Getting Started with dlt: A Simple, Scalable Way to Handle Data Ingestion
When I first ventured into the world of data engineering, ingestion felt like the soggy basement of the pipeline: necessary, a little messy, and not something I would brag about. Dashboards had all the sparkle, and data modeling felt like a fun puzzle to solve. But ingestion? That was just the plumbing.
Still, as someone helping clients with wildly different systems, tight budgets, and a variety of data sources, I quickly learned: if your plumbing isn’t solid, nothing flows. So finding tools that make ingestion simple, scalable, and (dare I say) kind of enjoyable? That’s become part of the mission at Database Tycoon.
Why dltHub Caught My Eye
What drew me to dlt was its promise of simplicity without sacrificing power. It’s open-source, Python-native, and has strong opinions on best practices. It supports both beginners and advanced teams, with features like automatic schema evolution, declarative pipelines, and built-in support for destinations like BigQuery, DuckDB, and PostgreSQL.
Coming from a background in data strategy and UX rather than hardcore engineering, I appreciated that dlt felt accessible. It didn’t assume I had years of pipeline infrastructure experience under my belt.
So, a few teammates and I signed up for their certification course, hoping it would help us not only understand the tool but become fluent enough to confidently recommend it to clients if it was a good fit.
The Certification Experience
The dlt certification was one of the more thoughtfully designed technical courses I’ve taken.
Each module walked through real-world ingestion scenarios, starting with local filesystem ingestion, then progressing through REST APIs with pagination and authentication, and finally guiding us through dbt integration and cloud destinations. It used Google Colab, which removed the setup overhead and let me focus on learning rather than configuring.

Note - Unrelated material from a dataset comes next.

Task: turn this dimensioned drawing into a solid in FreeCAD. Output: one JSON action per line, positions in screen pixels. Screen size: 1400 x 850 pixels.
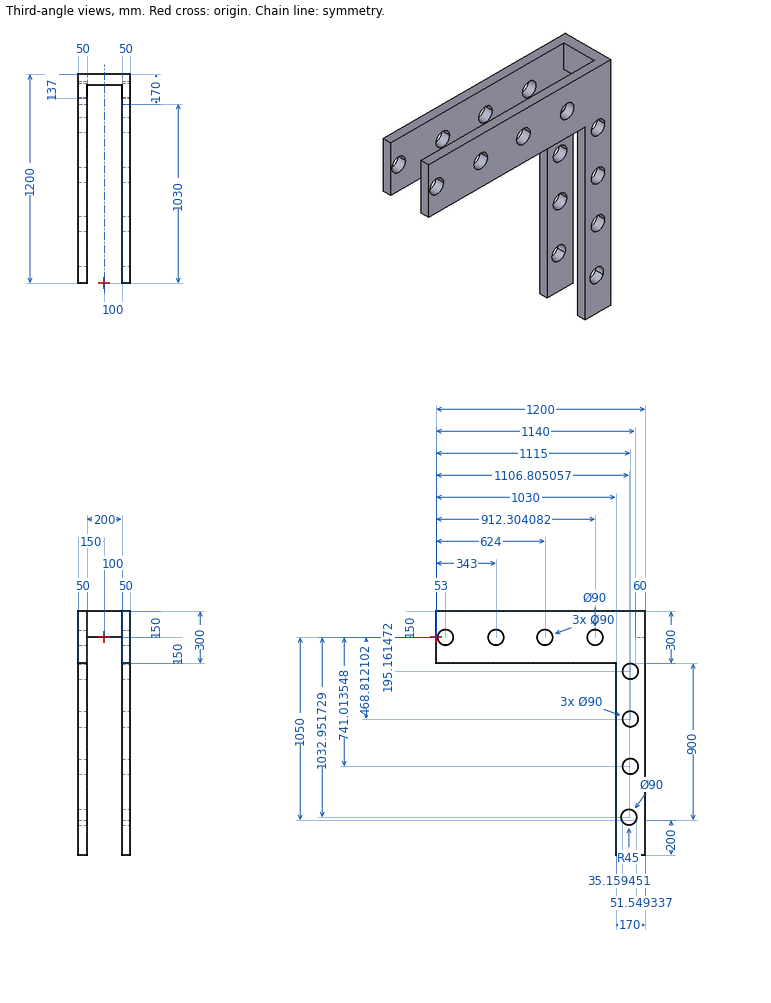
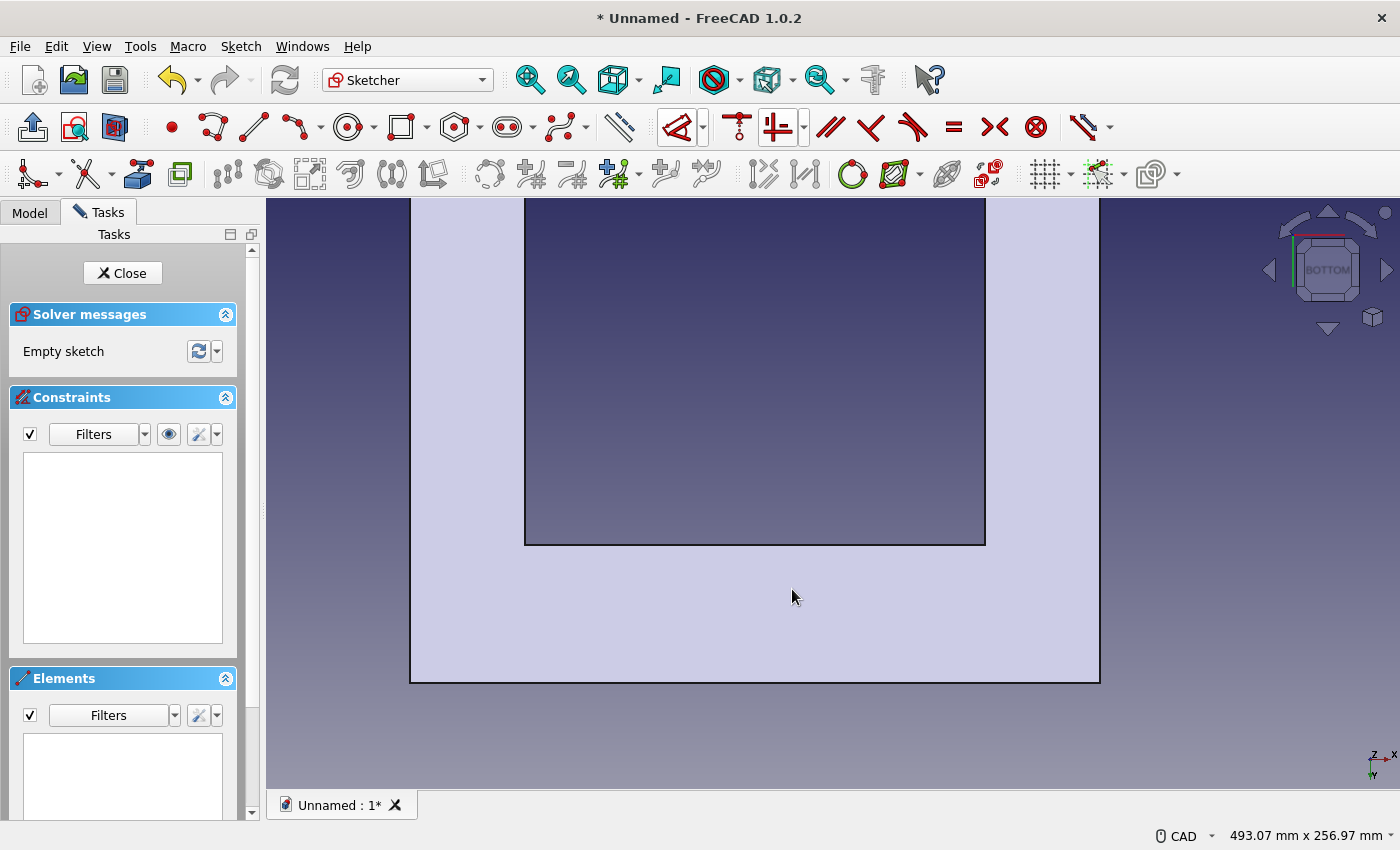
{"action": "left_click", "coordinate": [400, 128]}

The pacing struck a great balance: technical but not overwhelming. If you’ve never dealt with pagination or token refresh logic before, you’ll walk away understanding exactly how it works.
What I Loved
Within minutes, I was running pipelines and seeing results. It felt hands-on and immediately rewarding.
Everything was broken into digestible pieces, with context around why each step mattered.
By the end, I could load data from an external API, transform it, and land it in a warehouse without needing a big team or years of engineering experience.
As a 30-something who grew up in the ’90s, I appreciated working with a Pokémon dataset. 🐉
What Could Be Improved
If I had to nitpick, I’d say I could’ve benefited from a bit more handholding when it came to some of the error messages during experimentation. But that’s not specific to dlt, just part of the growing pains of learning a new tool and stitching multiple tools together. Still, a few more annotated examples or FAQs could help first-timers debug faster.
How I Plan to Use dlt in the Real World
As a co-founder of Database Tycoon, I’m often helping small and mid-sized businesses that don’t have dedicated data engineers. dlt gives us a way to set up ingestion pipelines that are:
Easy to version control and audit
Secure (with native support for secrets and credentials)
Adaptable to changing schemas or data sources
I’m especially excited to pair it with the Stripe API for clients we’re building Stripe financial dashboards for. Whether it’s for internal reporting, client-facing analytics, or just better operational visibility, dlt seems like a strong option for ingestion.
Final Thoughts
The dlt certification gave me more than just new technical skills, it also gave me confidence around the ingestion part of the data pipeline. It also helped me feel prepared to recommend the tool to our engineers working on client projects. In my opinion, this tool has a real future (and present) in the modern data stack.
If you’re a data analyst, strategist, or builder who's ready to step into ingestion for the first time, or looking for a better way to handle it, I highly recommend giving dlt a try. Start with the course. You’ll walk away knowing more than you expected, and excited to build what’s next!